> _WHAT YOU WILL DO_: Using the material below, copy every line where "Reply" appears.

|---|

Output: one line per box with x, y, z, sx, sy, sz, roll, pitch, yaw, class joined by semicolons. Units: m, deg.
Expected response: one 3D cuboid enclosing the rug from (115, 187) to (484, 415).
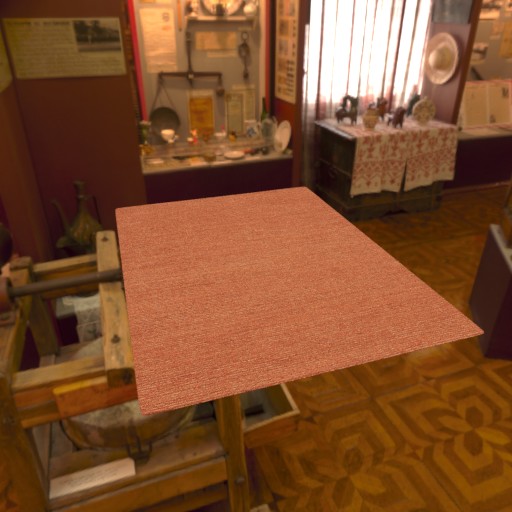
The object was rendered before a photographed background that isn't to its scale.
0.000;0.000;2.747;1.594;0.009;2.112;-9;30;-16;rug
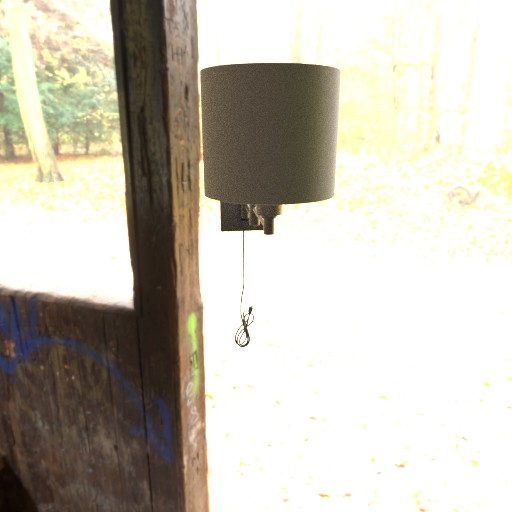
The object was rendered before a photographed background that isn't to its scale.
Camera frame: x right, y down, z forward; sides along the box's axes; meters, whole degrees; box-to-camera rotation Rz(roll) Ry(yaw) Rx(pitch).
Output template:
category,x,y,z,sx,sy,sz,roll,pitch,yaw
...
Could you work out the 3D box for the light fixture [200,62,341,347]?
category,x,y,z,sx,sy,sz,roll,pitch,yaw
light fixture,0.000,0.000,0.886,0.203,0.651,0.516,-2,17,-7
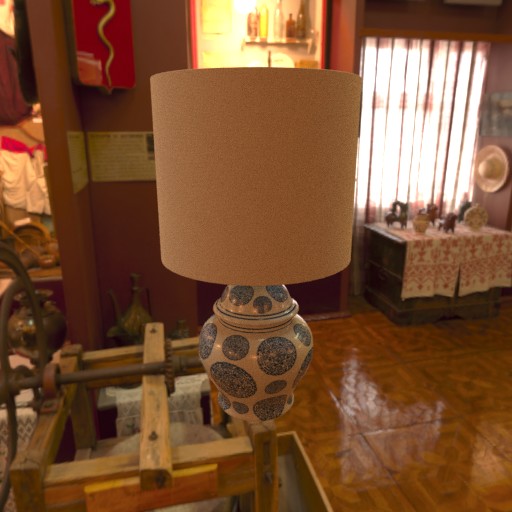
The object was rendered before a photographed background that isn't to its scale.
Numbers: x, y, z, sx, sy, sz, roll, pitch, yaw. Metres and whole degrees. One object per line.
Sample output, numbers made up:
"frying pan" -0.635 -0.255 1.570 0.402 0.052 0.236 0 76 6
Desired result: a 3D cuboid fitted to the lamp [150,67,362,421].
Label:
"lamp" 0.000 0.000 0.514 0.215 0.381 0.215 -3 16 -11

|---|

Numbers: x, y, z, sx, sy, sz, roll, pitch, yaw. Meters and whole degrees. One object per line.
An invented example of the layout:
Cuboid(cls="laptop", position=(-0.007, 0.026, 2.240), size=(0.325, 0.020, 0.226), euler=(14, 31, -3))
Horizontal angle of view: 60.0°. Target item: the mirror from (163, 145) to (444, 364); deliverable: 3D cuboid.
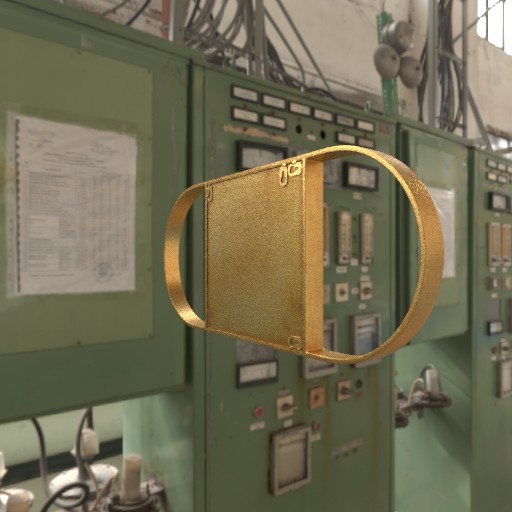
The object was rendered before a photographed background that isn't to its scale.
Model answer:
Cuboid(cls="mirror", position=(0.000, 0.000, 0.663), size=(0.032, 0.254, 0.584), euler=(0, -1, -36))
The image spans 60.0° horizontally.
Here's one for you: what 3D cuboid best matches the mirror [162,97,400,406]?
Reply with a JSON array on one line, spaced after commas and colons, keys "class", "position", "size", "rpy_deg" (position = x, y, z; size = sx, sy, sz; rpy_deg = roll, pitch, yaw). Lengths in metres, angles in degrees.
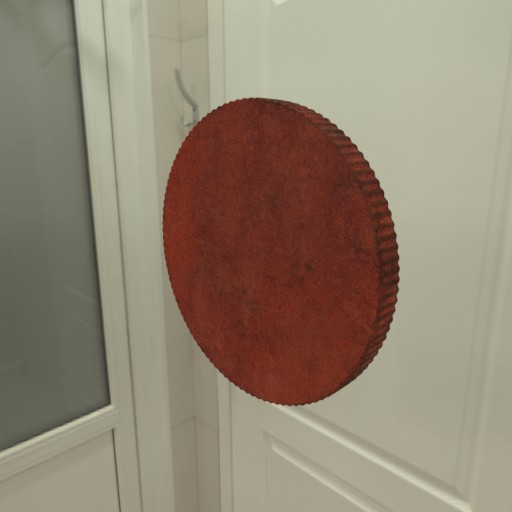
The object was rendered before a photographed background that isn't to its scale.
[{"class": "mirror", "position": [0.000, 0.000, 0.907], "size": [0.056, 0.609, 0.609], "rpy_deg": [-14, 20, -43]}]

|---|

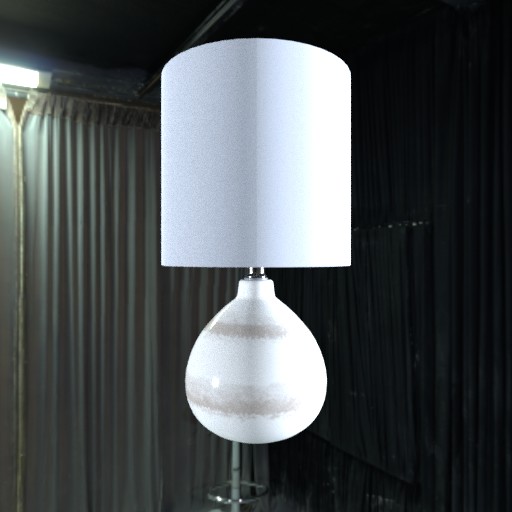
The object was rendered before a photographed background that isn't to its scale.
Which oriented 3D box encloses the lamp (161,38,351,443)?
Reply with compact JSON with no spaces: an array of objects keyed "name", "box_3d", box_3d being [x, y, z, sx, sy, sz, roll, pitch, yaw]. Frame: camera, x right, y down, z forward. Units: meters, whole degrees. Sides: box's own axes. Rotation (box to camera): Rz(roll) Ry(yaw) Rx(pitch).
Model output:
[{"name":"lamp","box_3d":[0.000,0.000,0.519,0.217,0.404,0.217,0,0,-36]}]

|---|

> _RESPONSE BOX_:
Reply with a JSON array on one line, spaced after commas and colons, keys "class", "position", "size", "rpy_deg" (position = x, y, z; size = sx, sy, sz; rpy_deg = roll, pitch, yaw). Lengths in metres, angles in degrees.
Reply with compact JSON with no spaces: an array of objects keyed "name", "box_3d", box_3d being [x, y, z, sx, sy, sz, roll, pitch, yaw]. Frame: camera, x right, y down, z forward. Units: meters, whole degrees. Sides: box's own axes. Rotation (box to camera): Rz(roll) Ry(yaw) Rx(pitch).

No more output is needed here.